OK, I could install. It’s pretty slow (I suppose because of HDD), but works. There is USB mouse attached and when I entered Qubes it asked me to attach USB mouse to the dom0. As I understand sysnet cube asked this, because that cube was in the window that appeared. Why dirrectly in dom0? I decided do not do this before I ask here. There was written many times that dom0 must be used only for updating and nothing should be attached to it. During installation I checked tick about sysnet using usb cube to make working with modem possible. Is it somehow related (I mean, that it was sysnet who made the request)? So it means all usb devices that I will attach to the computer can connect to the Internet? Is it possible to avoid this?
And how high is risk if I will attach mouse to the dom0 as it asks? Is it better do not use mouse at all and use touchpad instead?
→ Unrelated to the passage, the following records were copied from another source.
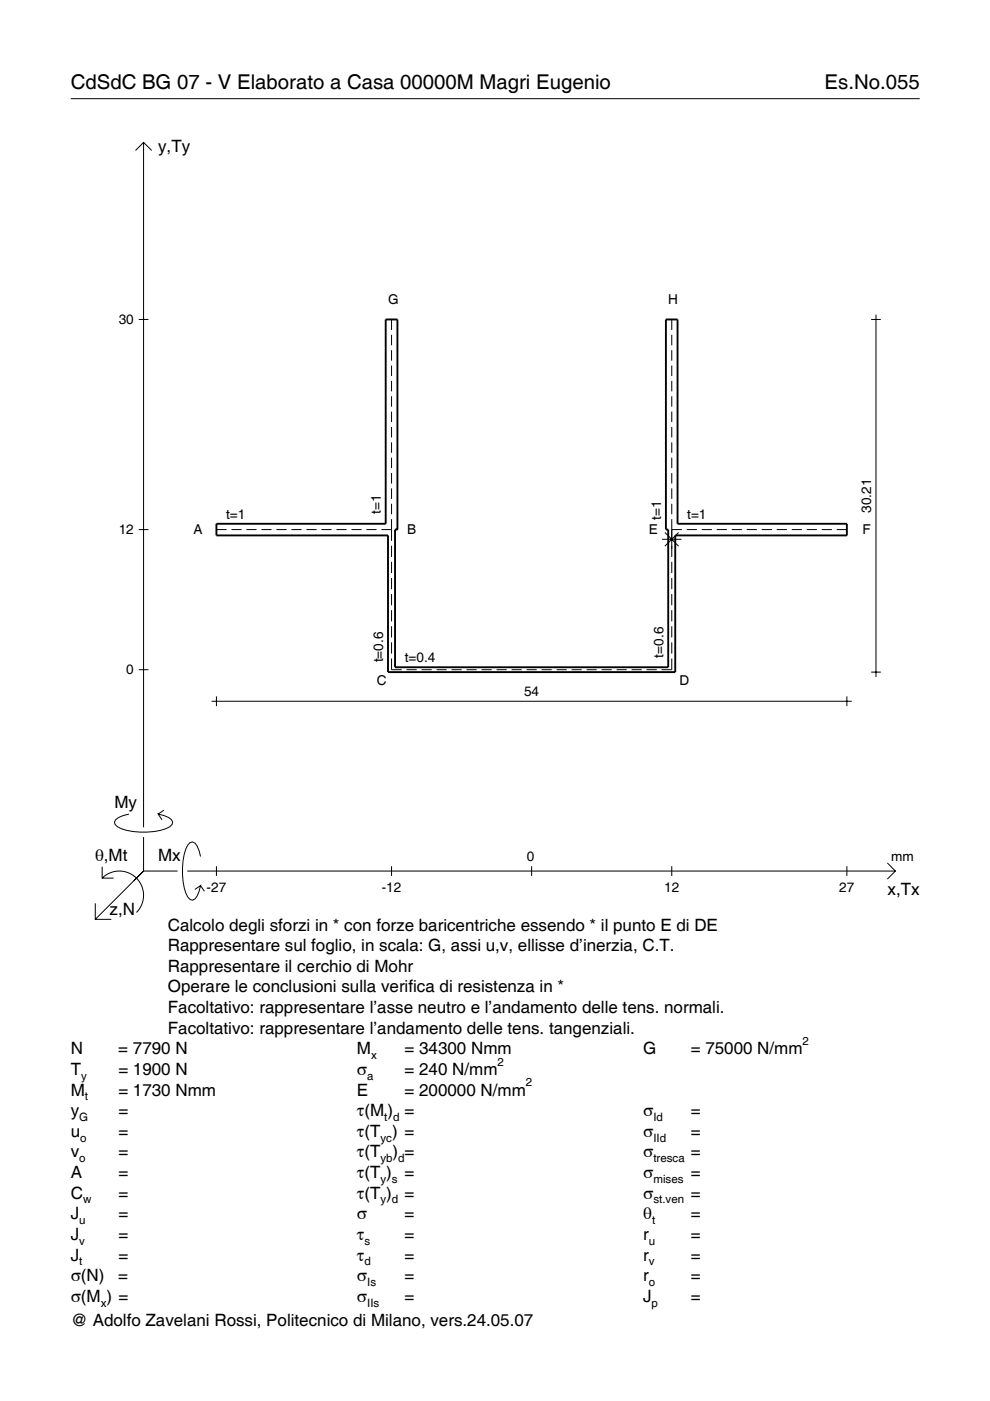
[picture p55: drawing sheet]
<svg xmlns="http://www.w3.org/2000/svg" width="210mm" height="297mm" viewBox="0 0 210 297" stroke-linecap="round" stroke-linejoin="round" font-family="sans-serif">
<defs><g id="words">
<g font-size="4.3">
<text x="15" y="18.9">CdSdC BG 07 - V Elaborato a Casa 00000M Magri Eugenio</text>
<text x="174.8" y="18.9">Es.No.055</text>
</g>
<g font-size="3.6">
<text x="33.5" y="32.3">y,Ty</text>
<text x="24.3" y="171.3">My</text>
<text x="20.1" y="182.6">θ,Mt</text>
<text x="33.5" y="182.6">Mx</text>
<text x="188.2" y="189.8">x,Tx</text>
<text x="23.2" y="193.9">z,N</text>
<text x="35.6" y="197.3">Calcolo degli sforzi in * con forze baricentriche essendo * il punto E di DE</text>
<text x="35.6" y="201.7">Rappresentare sul foglio, in scala: G, assi u,v, ellisse d’inerzia, C.T.</text>
<text x="35.6" y="206">Rappresentare il cerchio di Mohr</text>
<text x="35.6" y="210.4">Operare le conclusioni sulla verifica di resistenza in *</text>
<text x="35.6" y="214.8">Facoltativo: rappresentare l’asse neutro e l’andamento delle tens. normali.</text>
<text x="35.6" y="219.2">Facoltativo: rappresentare l’andamento delle tens. tangenziali.</text>
<text x="15" y="223.5">N</text>
<text x="15" y="227.9">T</text>
<text x="25.1" y="223.5">= 7790 N</text>
<text x="25.1" y="227.9">= 1900 N</text>
<text x="75.7" y="227.9">σ</text>
<text x="75.7" y="223.5">M</text>
<text x="85.8" y="223.5">= 34300 Nmm</text>
<text x="85.8" y="227.9">= 240 N/mm</text>
<text x="136.4" y="223.5">G</text>
<text x="146.5" y="223.5">= 75000 N/mm</text>
<text x="15" y="232.3">M</text>
<text x="25.1" y="232.3">= 1730 Nmm</text>
<text x="75.7" y="232.3">E</text>
<text x="85.8" y="232.3">= 200000 N/mm</text>
<text x="15" y="236.7">y</text>
<text x="25.1" y="236.7">=</text>
<text x="75.7" y="236.7">τ(M ) =</text>
<text x="136.4" y="236.7">σ</text>
<text x="146.5" y="236.7">=</text>
<text x="15" y="241">u</text>
<text x="15" y="245.4">v</text>
<text x="25.1" y="241">=</text>
<text x="25.1" y="245.4">=</text>
<text x="75.7" y="241">τ(T ) =</text>
<text x="75.7" y="245.4">τ(T</text>
<text x="83.3" y="245.4">) =</text>
<text x="136.4" y="241">σ</text>
<text x="136.4" y="245.4">σ</text>
<text x="146.5" y="241">=</text>
<text x="146.5" y="245.4">=</text>
<text x="15" y="249.8">A</text>
<text x="25.1" y="249.8">=</text>
<text x="75.7" y="249.8">τ(T )</text>
<text x="85.8" y="249.8">=</text>
<text x="136.4" y="249.8">σ</text>
<text x="146.5" y="249.8">=</text>
<text x="15" y="254.2">C</text>
<text x="25.1" y="254.2">=</text>
<text x="75.7" y="254.2">τ(T )</text>
<text x="85.8" y="254.2">=</text>
<text x="136.4" y="254.2">σ</text>
<text x="146.5" y="254.2">=</text>
<text x="15" y="258.5">J</text>
<text x="15" y="262.9">J</text>
<text x="25.1" y="258.5">=</text>
<text x="25.1" y="262.9">=</text>
<text x="75.7" y="258.5">σ</text>
<text x="75.7" y="262.9">τ</text>
<text x="85.8" y="258.5">=</text>
<text x="85.8" y="262.9">=</text>
<text x="136.4" y="258.5">θ</text>
<text x="136.4" y="262.9">r</text>
<text x="146.5" y="258.5">=</text>
<text x="146.5" y="262.9">=</text>
<text x="15" y="267.3">J</text>
<text x="25.1" y="267.3">=</text>
<text x="75.7" y="267.3">τ</text>
<text x="85.8" y="267.3">=</text>
<text x="136.4" y="267.3">r</text>
<text x="146.5" y="267.3">=</text>
<text x="15" y="271.7">σ(N)</text>
<text x="25.1" y="271.7">=</text>
<text x="75.7" y="271.7">σ</text>
<text x="85.8" y="271.7">=</text>
<text x="136.4" y="271.7">r</text>
<text x="146.5" y="271.7">=</text>
<text x="15" y="281.2">@ Adolfo Zavelani Rossi, Politecnico di Milano, vers.24.05.07</text>
<text x="15" y="276">σ(M ) =</text>
<text x="75.7" y="276">σ</text>
<text x="85.8" y="276">=</text>
<text x="136.4" y="276">J</text>
<text x="146.5" y="276">=</text>
</g>
<g font-size="2.9">
<text x="82.3" y="64.6">G</text>
<text x="141.7" y="64.6">H</text>
<text x="25.2" y="68.7">30</text>
<text x="25.2" y="113.3">12</text>
<text x="41.1" y="113.2">A</text>
<text x="47.9" y="110">t=1</text>
<text x="80.7" y="109" transform="rotate(-90 80.7 109)">t=1</text>
<text x="86.3" y="113.2">B</text>
<text x="137.6" y="113.2">E</text>
<text x="140.2" y="110.2" transform="rotate(-90 140.2 110.2)">t=1</text>
<text x="145.7" y="110">t=1</text>
<text x="182.9" y="113.2">F</text>
<text x="184.7" y="108.7" transform="rotate(-90 184.7 108.7)">30.21</text>
<text x="26.8" y="143">0</text>
<text x="81.2" y="140.4" transform="rotate(-90 81.2 140.4)">t=0.6</text>
<text x="85.8" y="140.4">t=0.4</text>
<text x="140.6" y="139.4" transform="rotate(-90 140.6 139.4)">t=0.6</text>
<text x="79.9" y="145.3">C</text>
<text x="111.1" y="147.7">54</text>
<text x="144.1" y="145.3">D</text>
<text x="111.7" y="182.6">0</text>
<text x="189" y="182.6">mm</text>
<text x="43.8" y="189.1">-27</text>
<text x="80.9" y="189.1">-12</text>
<text x="140.8" y="189.1">12</text>
<text x="178" y="189.1">27</text>
</g>
<g font-size="2.4">
<text x="170.2" y="221.5">2</text>
<text x="78.7" y="224.5">x</text>
<text x="105.5" y="225.9">2</text>
<text x="17.2" y="228.9">y</text>
<text x="18" y="233.3">t</text>
<text x="77.9" y="228.9">a</text>
<text x="111.5" y="230.3">2</text>
<text x="16.8" y="237.7">G</text>
<text x="81.5" y="237.7">t d</text>
<text x="138.5" y="237.7">Id</text>
<text x="17" y="242">o</text>
<text x="80.7" y="242">yc</text>
<text x="138.5" y="242">IId</text>
<text x="16.8" y="246.4">o</text>
<text x="80.7" y="246.4">yb d</text>
<text x="80.7" y="250.8">y s</text>
<text x="138.5" y="246.4">tresca</text>
<text x="138.5" y="250.8">mises</text>
<text x="17.6" y="255.2">w</text>
<text x="80.7" y="255.2">y d</text>
<text x="138.5" y="255.2">st.ven</text>
<text x="16.8" y="259.5">u</text>
<text x="16.8" y="263.9">v</text>
<text x="77.3" y="263.9">s</text>
<text x="137.6" y="263.9">u</text>
<text x="138.2" y="259.5">t</text>
<text x="16.8" y="268.3">t</text>
<text x="77.3" y="268.3">d</text>
<text x="137.6" y="268.3">v</text>
<text x="77.9" y="272.7">Is</text>
<text x="137.6" y="272.7">o</text>
<text x="21.4" y="277">x</text>
<text x="77.9" y="277">IIs</text>
<text x="138.2" y="277">p</text>
</g>
</g></defs>
<g fill="none" stroke="#000" stroke-width=".21">
<path d="M15 20.9h180M28.7 31.9l1.7-1.7 1.8 1.7M30.4 30.2v145.2M29.4 67.7h2.1M83 67.7v2.3M83 71v2.2M83 74.2v2.3M83 77.5v2.2M142.4 67.7v2.3M142.4 71v2.2M142.4 74.2v2.3M142.4 77.5v2.2"/>
<path d="M184.7 67.7h2.1M185.7 66.7v76.8M83 80.8v2.2M83 84v2.2M83 87.3v2.2M83 90.5v2.3M83 93.8v2.2M83 97v2.3M142.4 80.8v2.2M142.4 84v2.2M142.4 87.3v2.2M142.4 90.5v2.3"/>
<path d="M142.4 93.8v2.2M142.4 97v2.3M29.4 112.3h2.1M45.9 112.3h2.1M49.1 112.3h2.1M52.2 112.3h2.2M55.4 112.3h2.2M58.6 112.3h2.2M61.8 112.3h2.1M65 112.3h2.1M68.1 112.3h2.2M71.3 112.3h2.2"/>
<path d="M74.5 112.3h2.2M77.7 112.3h2.1M80.9 112.3h2.1M83 100.3v2.2M83 103.6v2.2M83 106.8v2.2M83 110.1v4.6M83 115.7v2.4M83 119.1v2.4M140.4 114.3h4.1M141 112.9l2.9 2.9M142.4 112.3h2.2"/>
<path d="M142.4 100.3v2.2M142.4 103.6v2.2M142.4 106.8v2.2M142.4 110.1v8M142.4 119.1v2.4M143.9 112.9l-2.9 2.9M145.6 112.3h2.2M148.8 112.3h2.1M152 112.3h2.1M155.1 112.3h2.2M158.3 112.3h2.2M161.5 112.3h2.2"/>
<path d="M164.7 112.3h2.1M167.9 112.3h2.1M171 112.3h2.2M174.2 112.3h2.2M177.4 112.3h2.2M83 139.6v2.4h2.2M83 122.5v2.4M83 125.9v2.4M83 129.4v2.3M83 132.8v2.4M83 136.2v2.4M142.4 139.6v2.4h-2.1"/>
<path d="M142.4 122.5v2.4M142.4 125.9v2.4M142.4 129.4v2.3M142.4 132.8v2.4M142.4 136.2v2.4M29.4 142h2.1M44.9 148.7h135.7M45.9 147.7v2M86.2 142h2.1M89.4 142h2.1M92.6 142h2.1M95.7 142h2.2"/>
<path d="M98.9 142h2.2M102.1 142h2.1M105.3 142h2.1M108.5 142h2.1M111.6 142h2.2M114.8 142h2.2M118 142h2.2M121.2 142h2.1M124.4 142h2.1M127.5 142h2.2M130.7 142h2.2M133.9 142h2.2"/>
<path d="M137.1 142h2.1M179.6 147.7v2M184.7 142.5h2.1M27.3 172.6a3.6 3.6 0 0 0-3 1.7l.1 .5a5.7 5.7 0 0 0 3.8 1.5 13.3 13.3 0 0 0 7.8-1l.5-.5 .1-.5a3.6 3.6 0 0 0-3.1-1.7l.8 1.2M30.4 177.5v7.2M34.7 171.8l-1.2 .8M20.2 191.5v3.4h3.4M21.7 186.2a5.1 5.1 0 0 1 7.2 0 5.1 5.1 0 0 1 0 7.3M21.7 183.8v2.4h2.4M30.4 184.7l-10.2 10.2M30.4 184.7l-2 2M30.4 184.7h7.2"/>
<path d="M39.7 184.7h150.1M42.5 181.6a3.6 3.6 0 0 0-1.7-3.1l-.5 .1a5.7 5.7 0 0 0-1.5 3.8 13.3 13.3 0 0 0 1 7.8l.5 .5 .5 .2a3.6 3.6 0 0 0 1.7-3.1l-1.2 .8M42.5 187.8l.8 1.2M45.9 183.7v2M83 183.7v2M112.7 183.7v2M142.4 183.7v2M179.6 183.7v2M188.1 183l1.7 1.7-1.7 1.7"/>
</g>
<path d="M81.8 67.7h2.5v44.6h-.5v29.2h57.9v-29.2h-.5v-44.6h2.5v43.4h35.9v2.4h-36.4v29h-60.9v-29h-36.4v-2.4h35.9z" fill="none" stroke="#000" stroke-width=".4"/>
<use href="#words"/>
</svg>

apparatus · December 8, 2023, 9:06am

Yes.

Because dom0 needs the mouse input to use it for itself and to pass this input to other qubes.

Yes:

Yes.

If you have multiple USB controllers you can attach one of them to sys-net and use it only for your USB network adapter and attach all other USB controllers to sys-usb to use for mouse or other USB devices.

Qubie · December 8, 2023, 9:53am

Thank you very much. Is this the manual how to do this? There also is written:

You said dom0 needs mouse to use it. But how mouse can be used by dom0 if mouse will be attached to sys-usb instead of dom0 so dom0 will not see it?

apparatus · December 8, 2023, 10:00am

Yes.

Mouse can be attached from sys-usb to dom0 in the same way as any other USB device can be attached from sys-usb to any other VM.

DVM · December 8, 2023, 10:07am

This is not how it works currently. sys-usb can’t attach anything to dom0 for obvious security reasons. In the case of mouse/keyboard, Qubes sends the input through Qrexec using input-proxy-sender and input-proxy-receiver. The sender resides in sys-usb where the mouse and keyboard are, and the receiver runs in dom0 and filters the events sent to it based on a specific list of actions.